Bayleys Waikato regional manager Stephen Shale, who also oversees Eves Realty, predicted Trade Me listings in Hamilton would be "decimated" by February.
"Trade Me will have virtually no stock in Hamilton," Mr Shale said. "And the viewings will diminish if the stock isn't there to look at. If there's nothing to compare your property to, the private seller is the one who'll pay because you're not going to have the eyeballs on the site and the industry site won't allow private sellers."
Under the new fees, his costs to list on Trade Me would increase 8,000 per cent. Previously, agencies paid a fixed rate for an unlimited number of listings but this month Trade Me began charging $159 plus GST per listing, which it encouraged agents to pass on to sellers.
However, agencies say home-owners expect online advertising for free and are not prepared to cover the increases.
Instead, agents will advertise on realestate.co.nz, as well as their own websites and via newspaper lift-outs.
Harcourts New Zealand chief executive Hayden Duncan called the increases at Trade Me "unreasonable" and "nothing short of price gouging". He said if Harcourts' 181 branches absorbed the new fees it would cost tens of millions of dollars each year.

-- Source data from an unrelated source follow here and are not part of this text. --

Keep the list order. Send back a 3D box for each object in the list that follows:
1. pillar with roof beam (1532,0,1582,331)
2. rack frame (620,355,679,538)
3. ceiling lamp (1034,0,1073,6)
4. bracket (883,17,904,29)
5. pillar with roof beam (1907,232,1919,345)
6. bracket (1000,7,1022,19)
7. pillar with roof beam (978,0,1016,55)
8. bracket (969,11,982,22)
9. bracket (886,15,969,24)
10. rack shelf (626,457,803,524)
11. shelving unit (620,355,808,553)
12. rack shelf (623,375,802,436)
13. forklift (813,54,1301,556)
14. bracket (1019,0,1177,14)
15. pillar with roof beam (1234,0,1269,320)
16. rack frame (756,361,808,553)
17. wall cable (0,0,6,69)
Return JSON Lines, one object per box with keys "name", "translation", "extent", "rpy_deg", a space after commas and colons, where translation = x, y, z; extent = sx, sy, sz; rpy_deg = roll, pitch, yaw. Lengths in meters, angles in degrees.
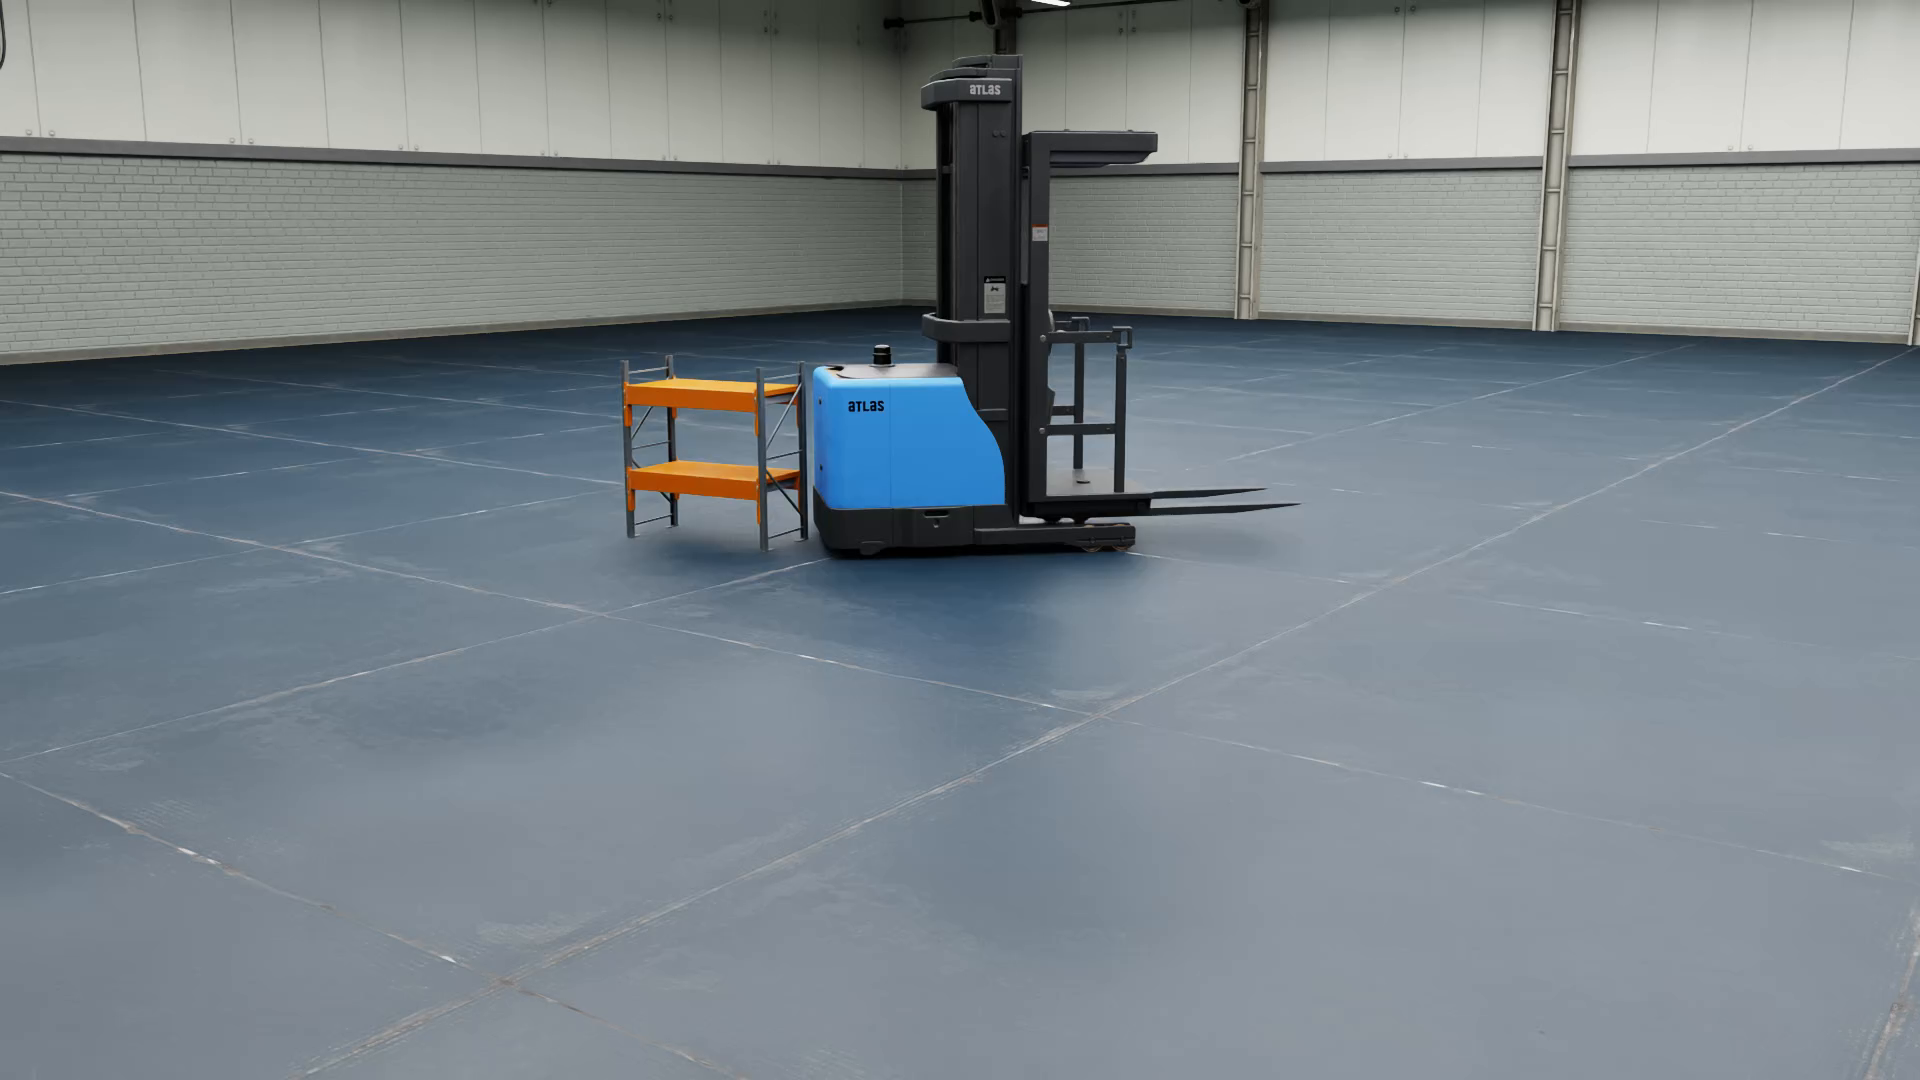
{"name": "pillar with roof beam", "translation": [8.094, -7.568, 25.958], "extent": [0.400, 9.000, 9.100], "rpy_deg": [8, 13, 36]}
{"name": "rack frame", "translation": [-1.995, -0.607, 10.705], "extent": [0.032, 1.125, 0.500], "rpy_deg": [6, 12, 27]}
{"name": "ceiling lamp", "translation": [1.148, -11.248, 29.613], "extent": [0.800, 3.185, 2.000], "rpy_deg": [8, 13, 36]}
{"name": "bracket", "translation": [-1.485, -11.602, 37.334], "extent": [0.430, 0.232, 0.235], "rpy_deg": [8, 13, 36]}
{"name": "pillar with roof beam", "translation": [12.930, -6.894, 22.471], "extent": [0.400, 9.000, 9.100], "rpy_deg": [8, 13, 36]}
{"name": "bracket", "translation": [1.095, -11.243, 35.475], "extent": [0.430, 0.232, 0.235], "rpy_deg": [8, 13, 36]}
{"name": "pillar with roof beam", "translation": [-1.578, -8.917, 32.932], "extent": [0.548, 9.000, 9.100], "rpy_deg": [8, 13, 36]}
{"name": "bracket", "translation": [0.426, -11.336, 35.957], "extent": [0.430, 0.232, 0.235], "rpy_deg": [8, 13, 36]}
{"name": "bracket", "translation": [-1.009, -11.536, 36.991], "extent": [3.189, 0.066, 0.076], "rpy_deg": [8, 13, 36]}
{"name": "rack shelf", "translation": [-1.543, -0.322, 10.522], "extent": [1.000, 0.278, 0.538], "rpy_deg": [6, 12, 27]}
{"name": "shelving unit", "translation": [-1.543, -0.562, 10.476], "extent": [1.048, 1.125, 0.538], "rpy_deg": [6, 12, 27]}
{"name": "rack shelf", "translation": [-1.543, -0.850, 10.420], "extent": [1.000, 0.278, 0.538], "rpy_deg": [6, 12, 27]}
{"name": "forklift", "translation": [0.619, -1.461, 10.366], "extent": [3.031, 2.935, 1.130], "rpy_deg": [-2, 11, -10]}
{"name": "bracket", "translation": [3.171, -10.953, 33.977], "extent": [4.783, 0.066, 0.076], "rpy_deg": [8, 13, 36]}
{"name": "pillar with roof beam", "translation": [3.258, -8.243, 29.445], "extent": [0.548, 9.000, 9.100], "rpy_deg": [8, 13, 36]}
{"name": "rack frame", "translation": [-1.091, -0.518, 10.247], "extent": [0.032, 1.125, 0.500], "rpy_deg": [6, 12, 27]}
{"name": "wall cable", "translation": [-13.635, -8.409, 21.350], "extent": [0.169, 6.003, 2.305], "rpy_deg": [8, 13, 36]}

"An increase of 500 per cent or more on any product without changing the product seems extravagant and unreasonable and unfounded."
Mr Duncan said Harcourts, which lists thousands of houses every month, would not advertise homes on Trade Me unless a seller specifically requested it and paid the fee.
In Hamilton, Lugton's Ltd sales director Simon Lugton said it was a "no brainer" to boycott Trade Me when the new fees amounted to at least $200,000 more a year for his business. "They think they're in a strong position but I think they will find there will be a backlash against it."
Lodge Real Estate managing director Jeremy O'Rourke said they would also remove residential listings, calling the increases "exponential, mammoth and unaffordable" for Lodge, one of Hamilton's biggest agencies.
Ray White Hamilton managing director Carl Glasgow said Trade Me seemed to be working on the premise that the internet had overtaken newspapers in real estate advertising, but it had not.
Trade Me chief executive Jon Macdonald said if Hamilton agents removed listings it would disadvantage vendors as their properties would not be seen on the "number one property channel in New Zealand".
He said a for-sale listing fee of less than $200 still represented value for money.
"We think it's crazy that listings online continue to be such a small proportion of the overall cost when people are selling their house, despite independent research and feedback showing that the internet works much better than print."